Stan Shafar, 95, died peacefully on Wednesday at the home he shared with his wife of 30 years, Geraldine Fisher; children Tom (Rose) Shafar, Larry (Joanne) Shafar, Paul (Rhonda) Shafar and Carole (Eric) Hageman, Larry (Lynne) Fisher and Scott (Cindy) Fisher, numerous grandchildren and great grandchildren.
Known as Harpo because of his head full of curly hair, Shafar worked as an engineer after left the service. He taught engineering at Illinois Institute of Technology and worked many years for Hotpoint, where he invented the square refrigerator.
When Stanley Shafar was a young Marine sharpshooter in World War II, he was stationed in the Pacific Theater. The wheels kept falling off of the 2-ton trucks because the kingpins on the axles kept breaking. As a tool and die maker, he was the guy to fix the problem.
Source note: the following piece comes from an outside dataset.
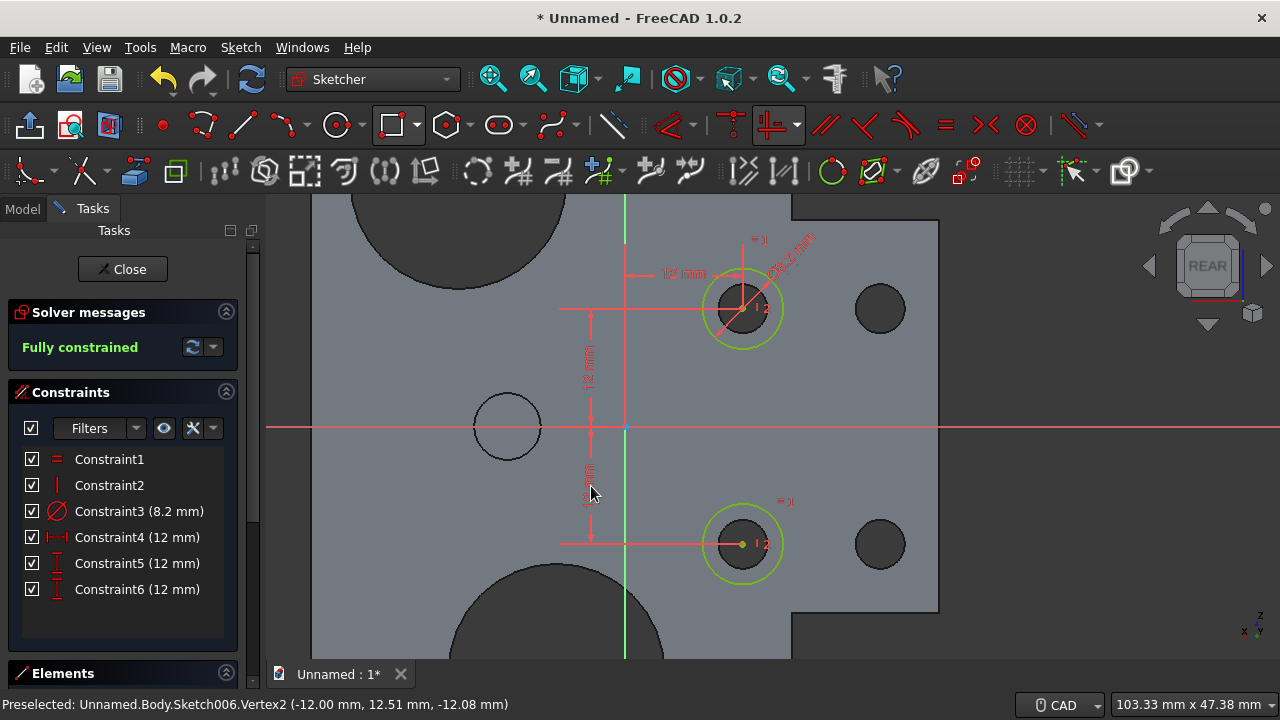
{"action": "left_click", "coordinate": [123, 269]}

He gathered up all of the cast iron sash weights from the windows on the base and turned them into kingpins, was so successful that his commander would not let him muster out when his two-year enlistment was up until he trained someone else how to make the kingpins.
He was an avid golfer, bowler and baseball player who complained to a doctor when he was in his mid-80s that "it hurts when I play sports."
Memorial gathering will begin at 3pm Saturday, September 10, followed by a service 4:30pm at Kolbus - John V. May Funeral Home, 6857 W, Higgins Ave., Chicago.